:: Work item ::
The material below is to be copied exactly from the line with "#include <math.h>" up to and including the line with "Which is the", with nothing else kept and no pictures.

BEGIN Given information

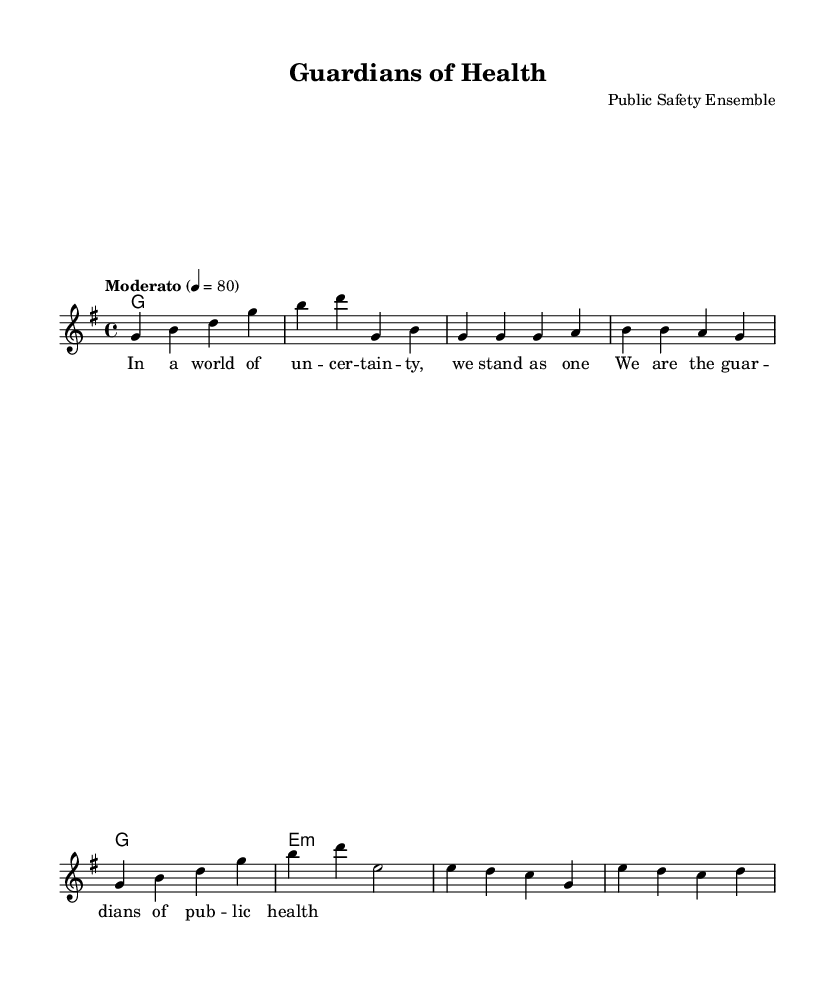What is the key signature of this music? The key signature is identified by the number of sharps or flats present at the beginning of the staff. In this piece, there are no sharps or flats indicated, which confirms that the key is G major.
Answer: G major What is the time signature of this music? The time signature is found at the beginning of the sheet music, represented by two numbers. Here, we see the 4/4 time signature, indicating that there are four beats per measure, and the quarter note gets one beat.
Answer: 4/4 What is the tempo marking for this piece? The tempo marking indicates the speed of the piece, and in this case, it is noted as "Moderato," with a metronome marking of 80 beats per minute, which suggests a moderate pace.
Answer: Moderato What is the primary theme addressed in the lyrics? The lyrics provided focus on the importance of public health and safety, as indicated by the phrases "guardians of public health" and the context of standing together in uncertain times.
Answer: Public health How many measures are in the chorus section? To determine the number of measures in the chorus section, we can count the individual measures from the score. The chorus is represented as having 2 measures in the provided lyrics.
Answer: 2 Which chord is used for the chorus? The chords accompanying the chorus can be found alongside the melody line, and during the chorus, the chord used is E minor, as indicated in the chord progression.
Answer: E minor What is the primary musical form shown in this piece? The form is deduced from the structure of the provided sections. It follows a common power ballad format with verses leading into a chorus, indicating a verse-chorus form typical for such songs.
Answer: Verse-chorus 
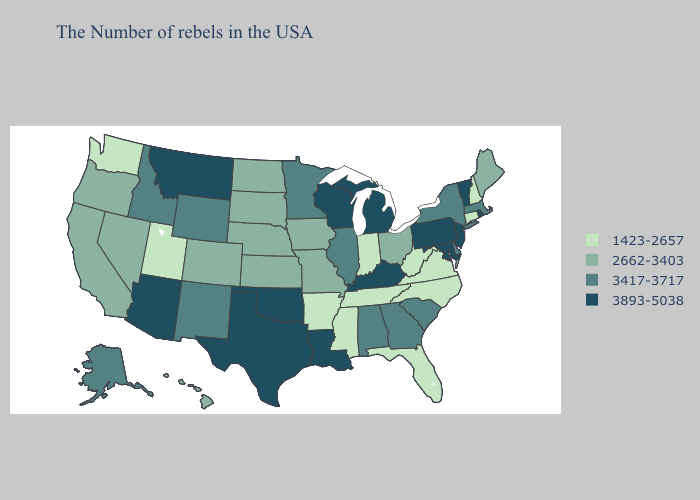Which states have the lowest value in the MidWest?
Short answer required. Indiana. Does Idaho have the lowest value in the USA?
Concise answer only. No. Among the states that border Missouri , does Iowa have the highest value?
Be succinct. No. What is the value of Utah?
Keep it brief. 1423-2657. Name the states that have a value in the range 1423-2657?
Be succinct. New Hampshire, Connecticut, Virginia, North Carolina, West Virginia, Florida, Indiana, Tennessee, Mississippi, Arkansas, Utah, Washington. What is the lowest value in the USA?
Keep it brief. 1423-2657. Which states hav the highest value in the MidWest?
Keep it brief. Michigan, Wisconsin. Does North Carolina have the lowest value in the South?
Be succinct. Yes. Name the states that have a value in the range 3893-5038?
Short answer required. Rhode Island, Vermont, New Jersey, Maryland, Pennsylvania, Michigan, Kentucky, Wisconsin, Louisiana, Oklahoma, Texas, Montana, Arizona. Name the states that have a value in the range 2662-3403?
Write a very short answer. Maine, Ohio, Missouri, Iowa, Kansas, Nebraska, South Dakota, North Dakota, Colorado, Nevada, California, Oregon, Hawaii. What is the lowest value in the USA?
Be succinct. 1423-2657. Name the states that have a value in the range 3893-5038?
Write a very short answer. Rhode Island, Vermont, New Jersey, Maryland, Pennsylvania, Michigan, Kentucky, Wisconsin, Louisiana, Oklahoma, Texas, Montana, Arizona. Among the states that border Illinois , does Missouri have the highest value?
Write a very short answer. No. Among the states that border Pennsylvania , does West Virginia have the highest value?
Give a very brief answer. No. Name the states that have a value in the range 3893-5038?
Keep it brief. Rhode Island, Vermont, New Jersey, Maryland, Pennsylvania, Michigan, Kentucky, Wisconsin, Louisiana, Oklahoma, Texas, Montana, Arizona. 
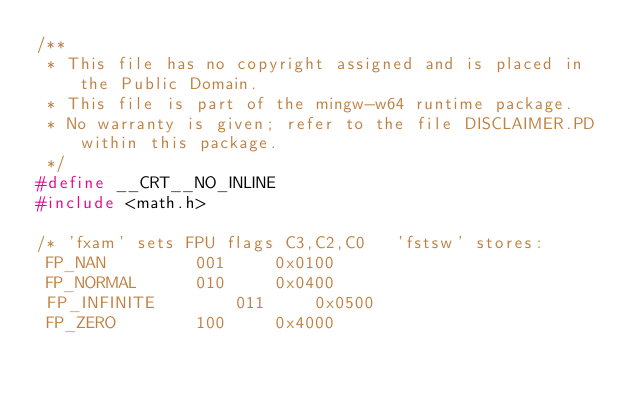<code> <loc_0><loc_0><loc_500><loc_500><_C_>/**
 * This file has no copyright assigned and is placed in the Public Domain.
 * This file is part of the mingw-w64 runtime package.
 * No warranty is given; refer to the file DISCLAIMER.PD within this package.
 */
#define __CRT__NO_INLINE
#include <math.h>

/* 'fxam' sets FPU flags C3,C2,C0   'fstsw' stores: 
 FP_NAN			001		0x0100
 FP_NORMAL		010		0x0400
 FP_INFINITE		011		0x0500
 FP_ZERO		100		0x4000</code> 
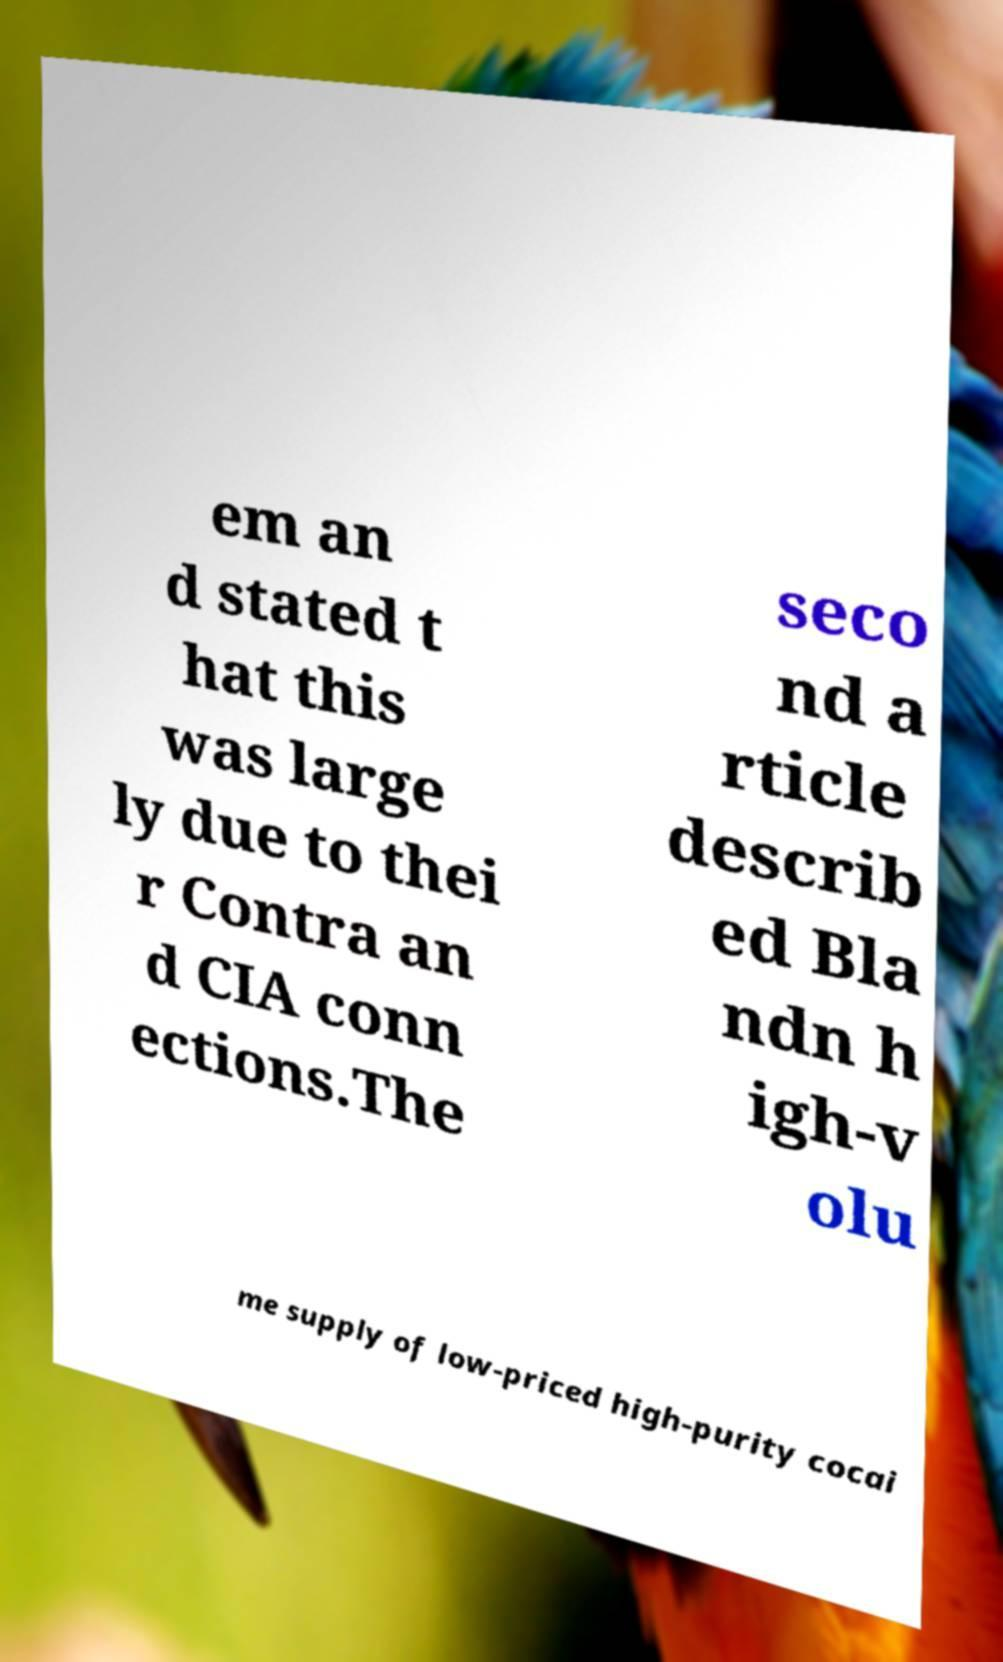There's text embedded in this image that I need extracted. Can you transcribe it verbatim? em an d stated t hat this was large ly due to thei r Contra an d CIA conn ections.The seco nd a rticle describ ed Bla ndn h igh-v olu me supply of low-priced high-purity cocai 
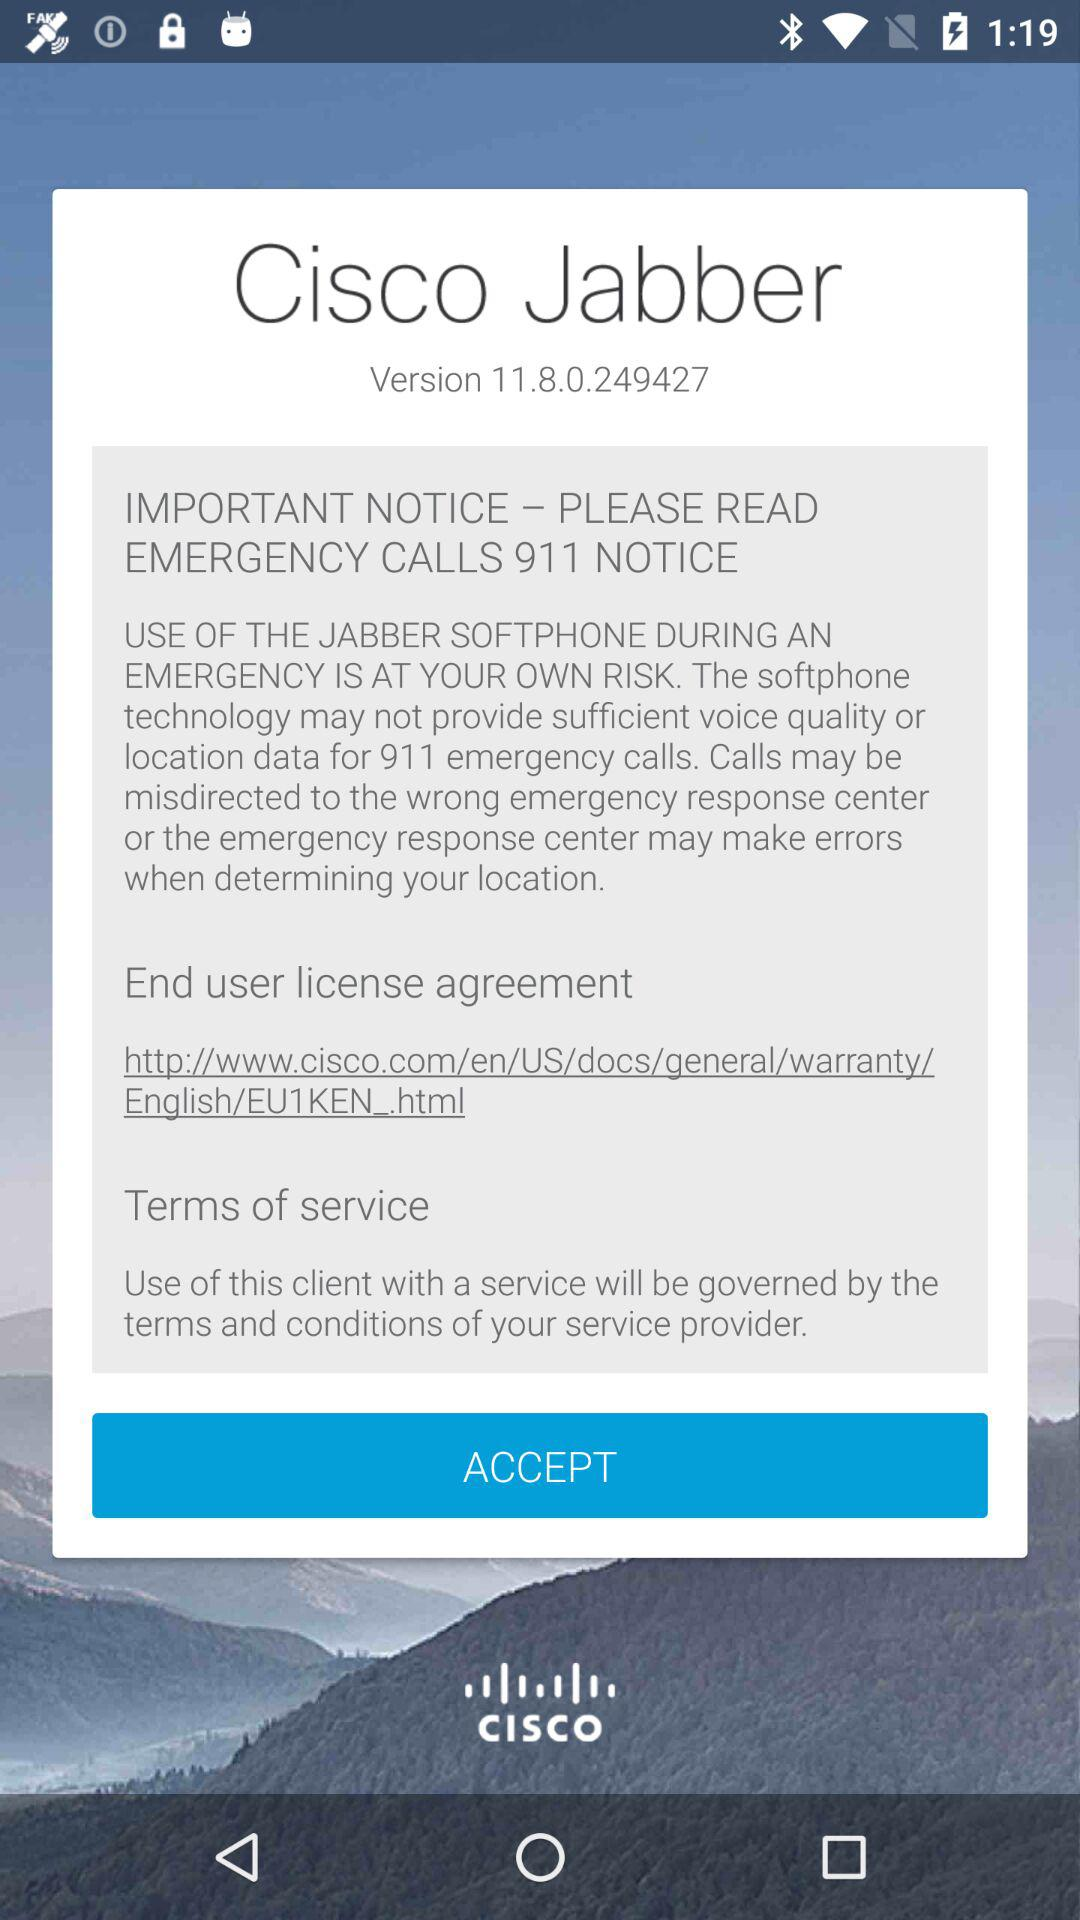Which is the version? The version is 11.8.0.249427. 
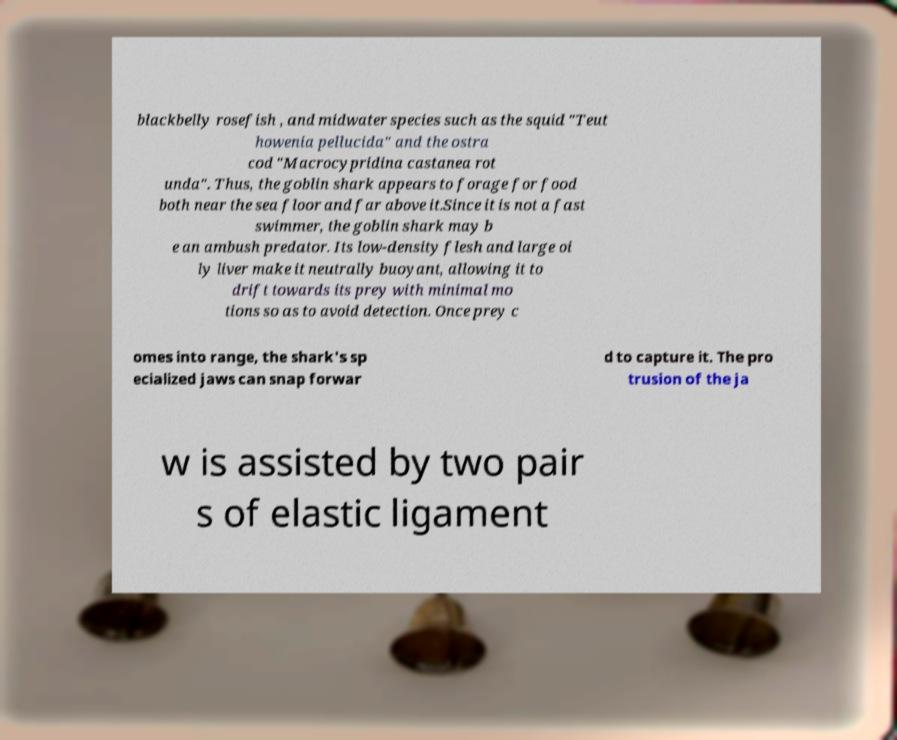Can you accurately transcribe the text from the provided image for me? blackbelly rosefish , and midwater species such as the squid "Teut howenia pellucida" and the ostra cod "Macrocypridina castanea rot unda". Thus, the goblin shark appears to forage for food both near the sea floor and far above it.Since it is not a fast swimmer, the goblin shark may b e an ambush predator. Its low-density flesh and large oi ly liver make it neutrally buoyant, allowing it to drift towards its prey with minimal mo tions so as to avoid detection. Once prey c omes into range, the shark's sp ecialized jaws can snap forwar d to capture it. The pro trusion of the ja w is assisted by two pair s of elastic ligament 
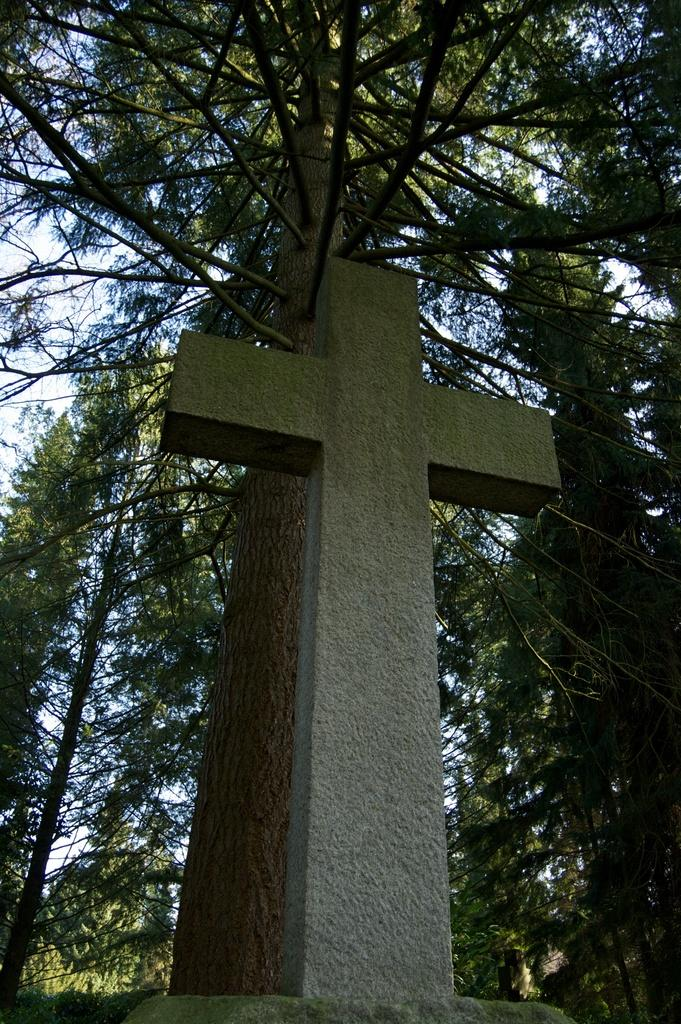What is the main subject of the image? There is a cross in the image. What can be seen in the background of the image? There are trees and the sky visible in the background of the image. What type of railway is visible in the image? There is no railway present in the image; it features a cross and a background with trees and the sky. How many balls are being used in the voyage depicted in the image? There is no voyage or balls present in the image; it features a cross and a background with trees and the sky. 
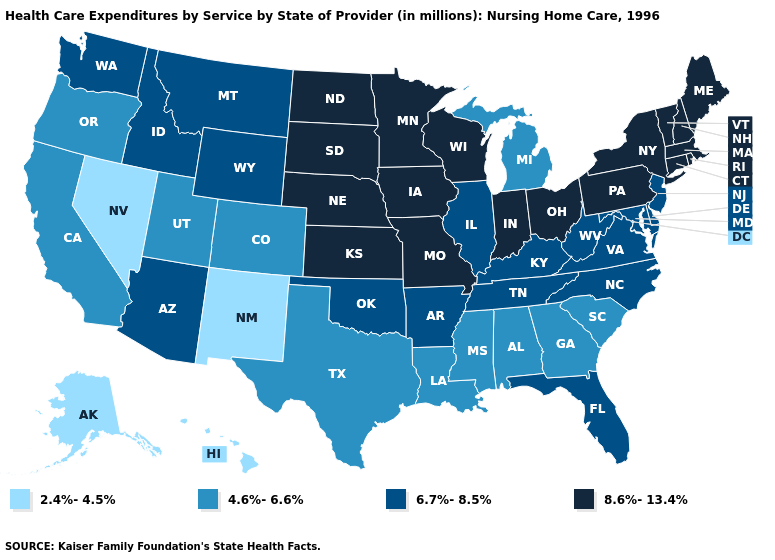Does Maine have the lowest value in the Northeast?
Write a very short answer. No. Name the states that have a value in the range 2.4%-4.5%?
Concise answer only. Alaska, Hawaii, Nevada, New Mexico. What is the value of Tennessee?
Write a very short answer. 6.7%-8.5%. Name the states that have a value in the range 2.4%-4.5%?
Be succinct. Alaska, Hawaii, Nevada, New Mexico. Which states hav the highest value in the West?
Write a very short answer. Arizona, Idaho, Montana, Washington, Wyoming. Does Tennessee have the lowest value in the South?
Write a very short answer. No. Name the states that have a value in the range 8.6%-13.4%?
Quick response, please. Connecticut, Indiana, Iowa, Kansas, Maine, Massachusetts, Minnesota, Missouri, Nebraska, New Hampshire, New York, North Dakota, Ohio, Pennsylvania, Rhode Island, South Dakota, Vermont, Wisconsin. Name the states that have a value in the range 2.4%-4.5%?
Write a very short answer. Alaska, Hawaii, Nevada, New Mexico. Which states have the lowest value in the West?
Answer briefly. Alaska, Hawaii, Nevada, New Mexico. Name the states that have a value in the range 6.7%-8.5%?
Give a very brief answer. Arizona, Arkansas, Delaware, Florida, Idaho, Illinois, Kentucky, Maryland, Montana, New Jersey, North Carolina, Oklahoma, Tennessee, Virginia, Washington, West Virginia, Wyoming. Does Rhode Island have a higher value than West Virginia?
Answer briefly. Yes. Does Kansas have the highest value in the USA?
Write a very short answer. Yes. Name the states that have a value in the range 2.4%-4.5%?
Short answer required. Alaska, Hawaii, Nevada, New Mexico. Name the states that have a value in the range 4.6%-6.6%?
Quick response, please. Alabama, California, Colorado, Georgia, Louisiana, Michigan, Mississippi, Oregon, South Carolina, Texas, Utah. What is the value of Virginia?
Give a very brief answer. 6.7%-8.5%. 
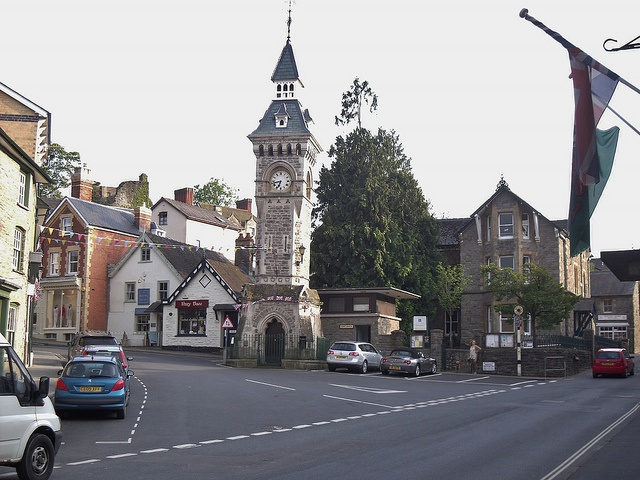Describe the objects in this image and their specific colors. I can see car in white, black, darkgray, gray, and lightgray tones, car in white, black, gray, navy, and blue tones, car in white, black, gray, darkgray, and lightgray tones, car in white, gray, black, and darkgray tones, and car in white, black, maroon, and gray tones in this image.

END Given information

:: Solution for this exercise ::
#include <math.h>

/* 'fxam' sets FPU flags C3,C2,C0   'fstsw' stores: 
 FP_NAN			001		0x0100
 FP_NORMAL		010		0x0400
 FP_INFINITE		011		0x0500
 FP_ZERO		100		0x4000</code> 
There's text embedded in this image that I need extracted. Can you transcribe it verbatim? em an d stated t hat this was large ly due to thei r Contra an d CIA conn ections.The seco nd a rticle describ ed Bla ndn h igh-v olu me supply of low-priced high-purity cocai 
Which is the version? The version is 11.8.0.249427. 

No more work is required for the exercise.